How do you know which files go where in the game? Simple. Portraits 0-thru-19 are for the female player character, while portraits 20-39 are for the male player character. All others are for monsters, familiars and NPCs. You may refer the Chart of Portraits on page 101 of the Parhedros Game Manual to find which portrait belongs to any given character.

Customizing Splash Art

Customizing your Splash Art, those images that appear when you escape to the Main Menu, is a little trickier. Any one can download new splash art from our art assets web-site for free, and easily install it in the game. But making your own splash art is something that we recommend only if you have some experience with digital art.

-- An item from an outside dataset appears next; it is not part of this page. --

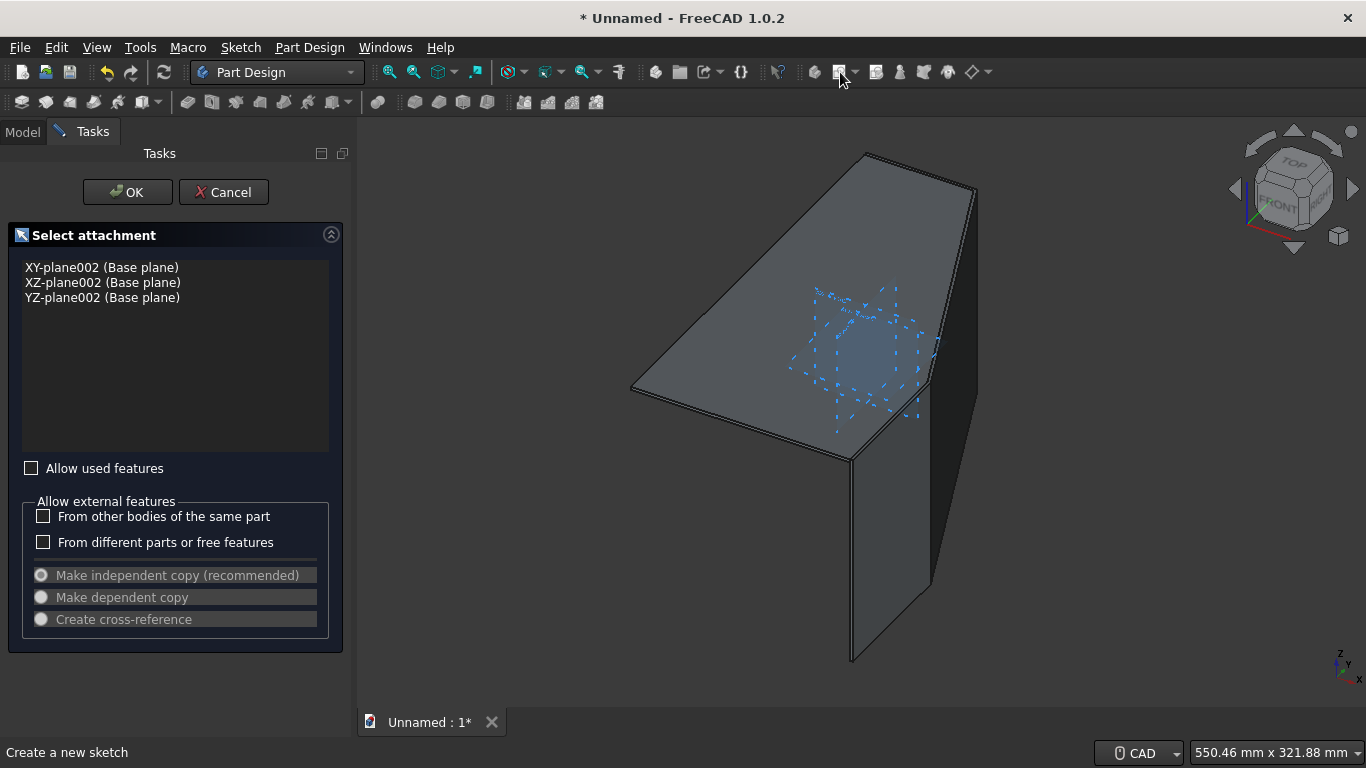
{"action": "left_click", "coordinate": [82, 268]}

If you want to install a new Splash Screen that you have downloaded from our art assets web-site, simply open the Parhedros “Data” folder, then open the “GUI” folder, and then open the “Splash” folder. Each Splash Screen is divided into two parts (for easier loading and handling on ALL computers). Find the two files of the Splash Screen you want to replace, and rename them both (we suggest putting an “X_” in front of the file name. Now simply copy and paste the two new Splash Screen files into the “Splash” folder, and rename them with the old file names. Just be certain that the narrower of the two image files has the file name ending in the ‘a’ suffix!

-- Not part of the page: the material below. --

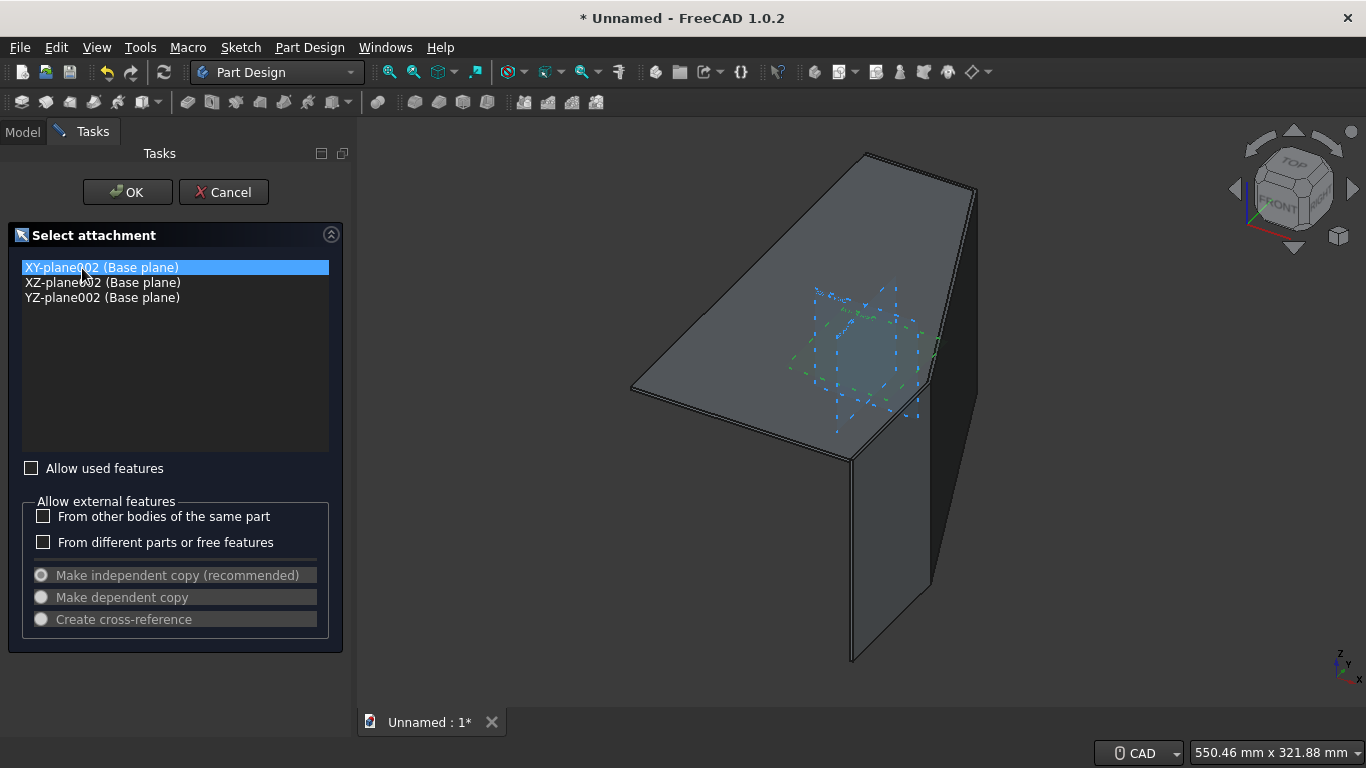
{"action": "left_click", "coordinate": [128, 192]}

If you are able to make your own Splash Art, you will already know what you must do just by looking at the source images in the “Splash” folder, so we won’t insult you by giving you step-by-step directions. But here are some essential tips: each of the two image files must be a .bmp file, and they must be 512x512 pixels in size. The narrower of the two image strips must be centered on its frame image, so that its right margin is 171 pixels on the x-axis. And be sure to observe our file-naming conventions!